The photo above is a street entertainer, painted like bronze and unmoving, except for his eyes that blink occasionally. When someone decides to pay him, he moves like a robot, serves tea, and becomes even more photogenic. He has a speaker that plays jazz and he does this for hours on weekend days.

Also to the left is the Basilica of the Lady of Guanajuato, and I stood in the shadows across the street to avoid being in direct sunlight to take this photo. This is the major landmark and shrine in Guanajuato.

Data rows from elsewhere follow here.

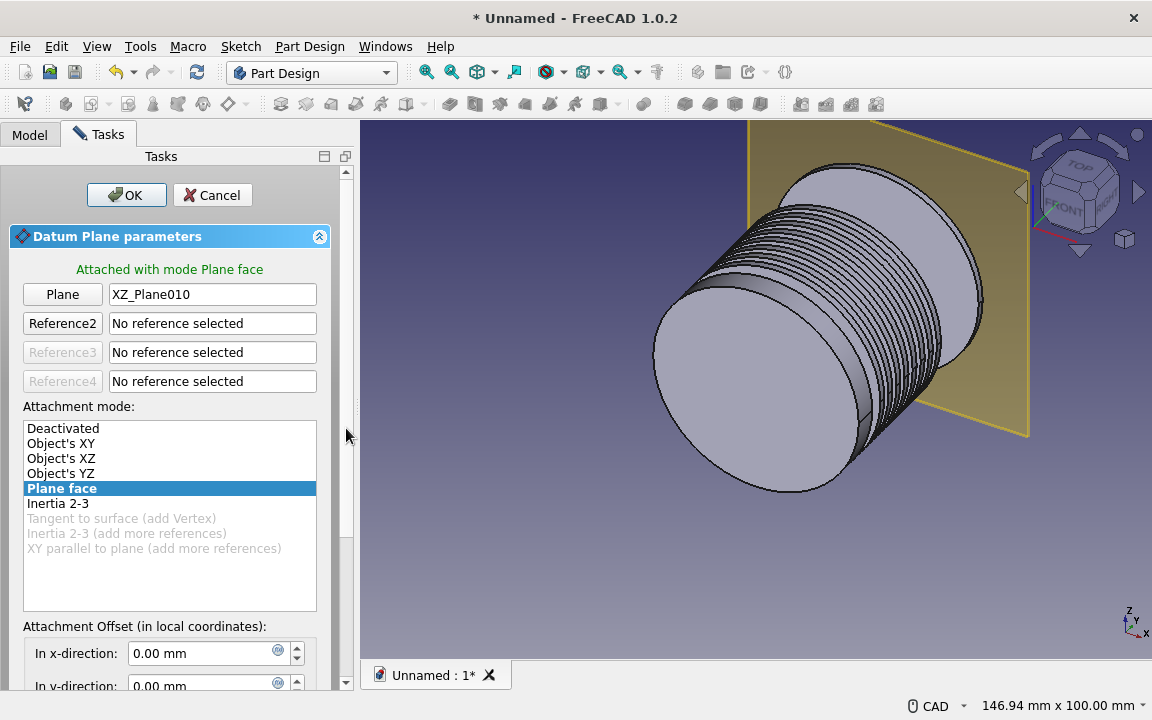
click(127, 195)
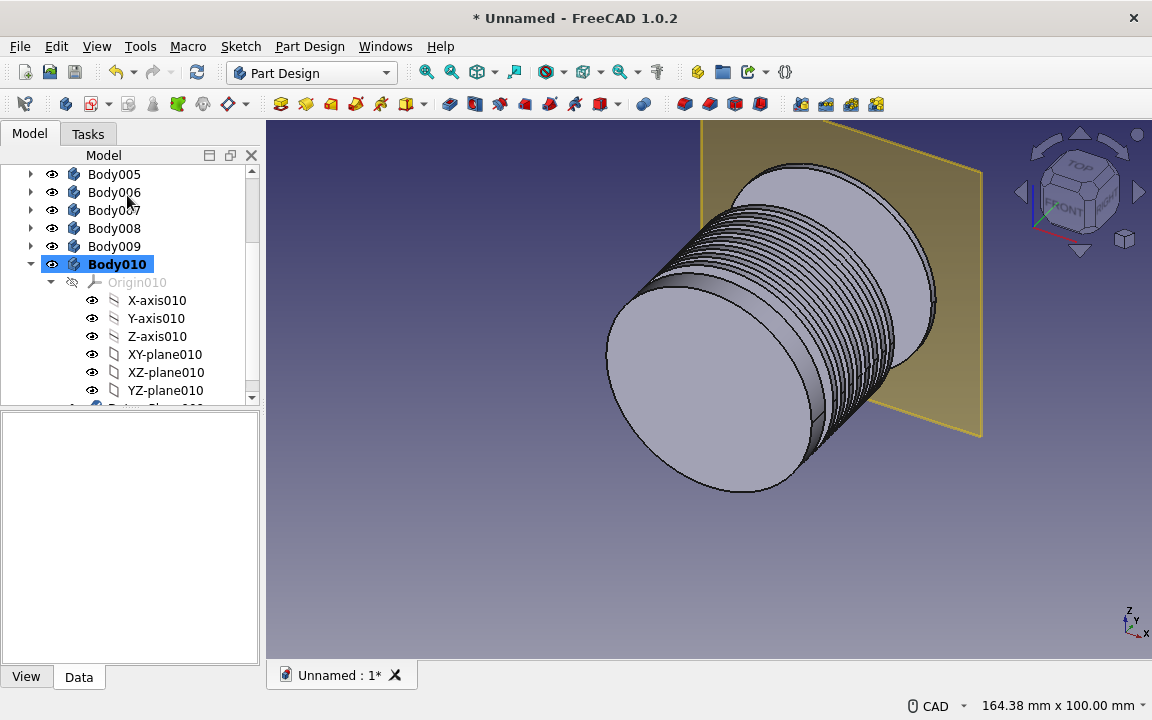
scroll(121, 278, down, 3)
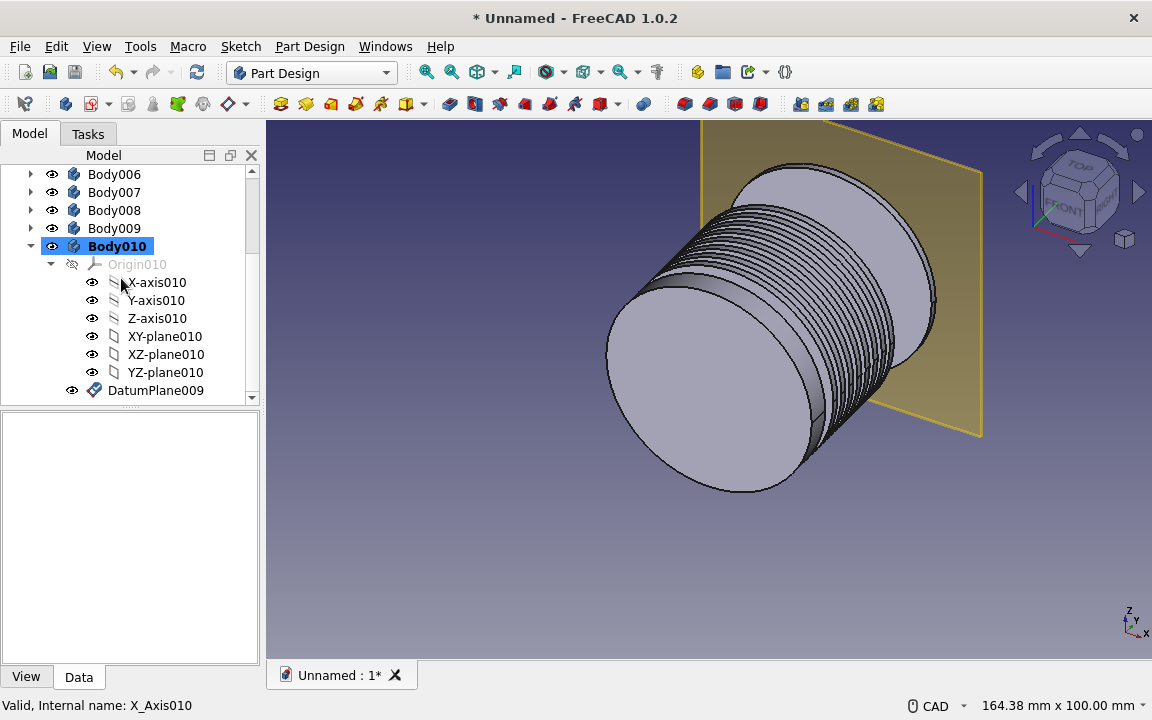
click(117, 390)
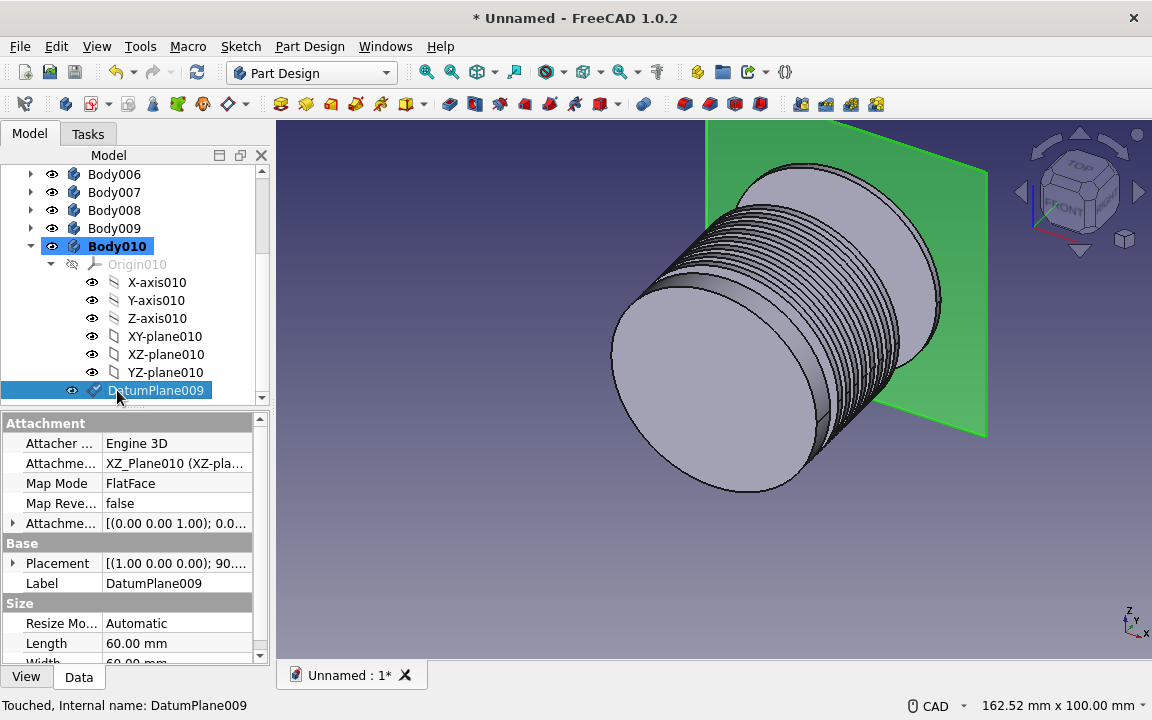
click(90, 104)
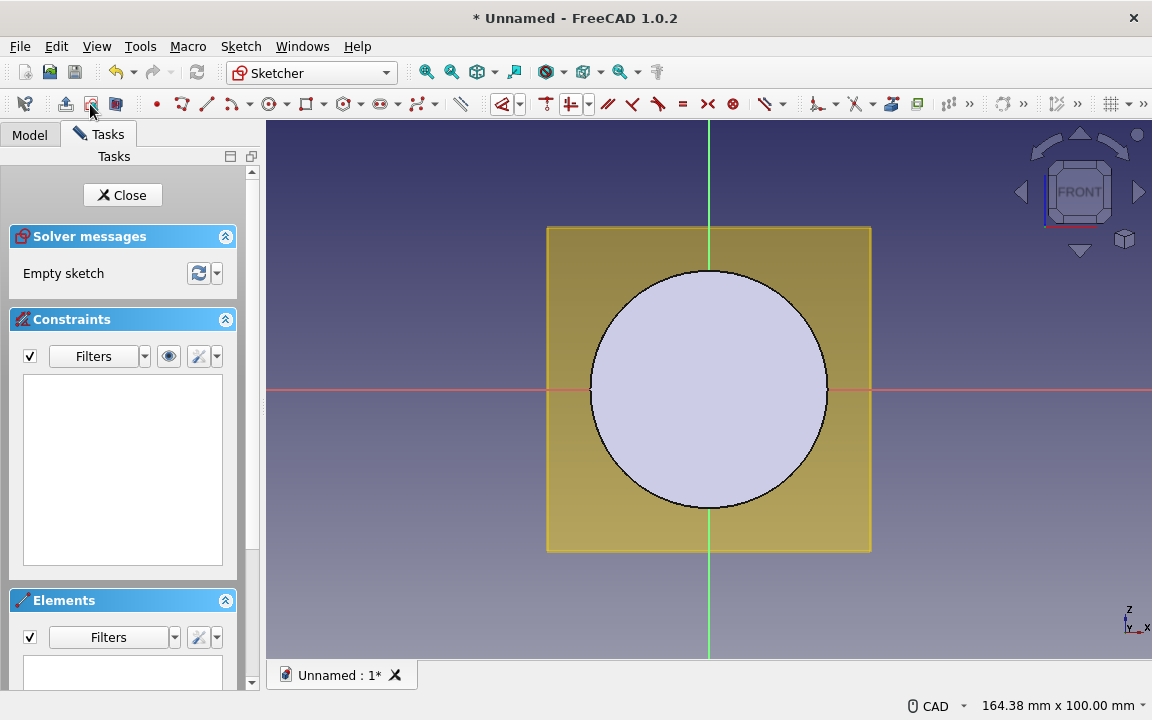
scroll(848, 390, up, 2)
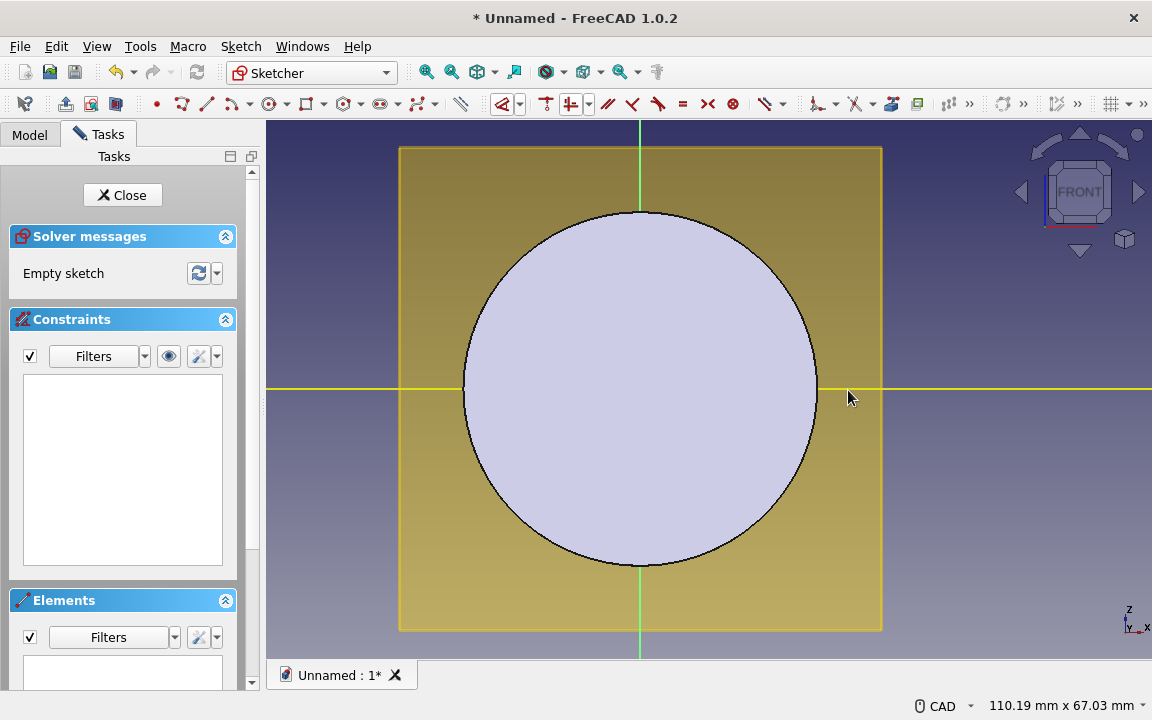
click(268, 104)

It was built between 1671 and 1696, and the sculpture of the virgin Mary with child at the front altar is the oldest one in Latin Amercia, made in Andalusia Spain by an anonymous artist and given to the Basilica by Phillip II in 1557, as a sign of gratitude for Guanajuato being one of the largest silver mining towns in New Spain at the time.

500 Year Old Church in Centro
Jardin - fountain and bandstand
 Then as I walk back I pass another historic church, about 500 years old and next to the Theatro Juarez and the Jardin or central plaza and heart of the town.

Artists have their works displayed on the street which is for walking only, and blocked off from cars. It is busy on weekends, and yet also has visitors on weekdays.

The Jardin has fountains and is surrounded by restaurants with outdoor seating and mariachis playing traditional music.



Teatro Juarez
The trees that cover the Jardin are groomed and look like large bonsai trees. They are sculpted with a square type of design, and add to the beauty of the plaza with its gardens and fountains.

This morning walk also included a view of the Teatro Juarez, across from the Jardin and next to the 500 year old church. It is a major venue for cultural events and was built between  1872 to 1903 .

Guanajuato is a UNESCO World Heritage Site, and was once the most important silver extraction city in the world in the 18th century. It is also a university town and important cultural center in Mexico.

It was just a morning walk, yet one that was filled with visual beauty, appreciation, and the sense that being here in Mexico is an ongoing adventure of discovery, even when walking along streets more than once. Yet in addition to seeing the historic sites to me the most important experience is greeting and talking with the local Mexicans in Spanish.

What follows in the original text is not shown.